[Records drawn from a dataset]
-.-.-

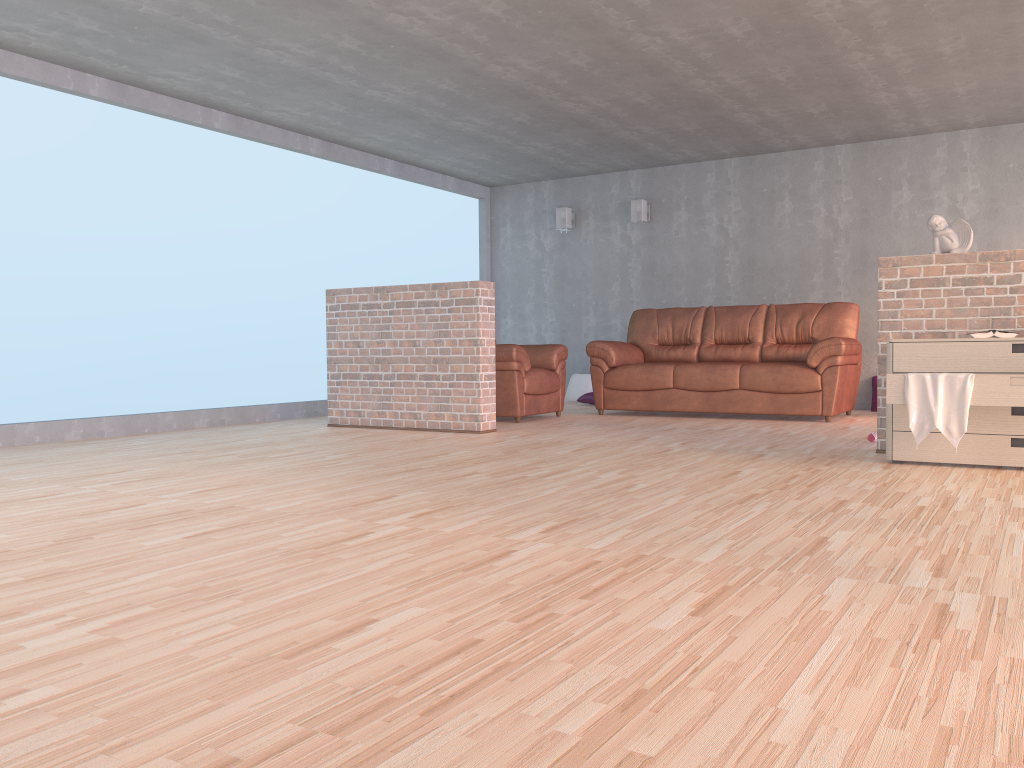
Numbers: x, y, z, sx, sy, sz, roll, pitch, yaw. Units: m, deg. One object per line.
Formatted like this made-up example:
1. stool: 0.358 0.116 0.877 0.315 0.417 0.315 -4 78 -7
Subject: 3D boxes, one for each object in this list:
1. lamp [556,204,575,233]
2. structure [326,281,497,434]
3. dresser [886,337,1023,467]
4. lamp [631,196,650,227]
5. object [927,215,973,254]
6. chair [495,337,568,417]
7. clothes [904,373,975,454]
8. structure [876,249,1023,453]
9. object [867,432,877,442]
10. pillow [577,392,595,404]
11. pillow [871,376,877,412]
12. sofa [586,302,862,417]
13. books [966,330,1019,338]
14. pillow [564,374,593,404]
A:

-.-.-

### WORK REQUEST:
With the line containing "12. sofa [586,302,862,417]" as the first and the final line of the entries above as the last, write out that span exactly and nothing more.

### THE COMPLETED TASK:
12. sofa [586,302,862,417]
13. books [966,330,1019,338]
14. pillow [564,374,593,404]
A:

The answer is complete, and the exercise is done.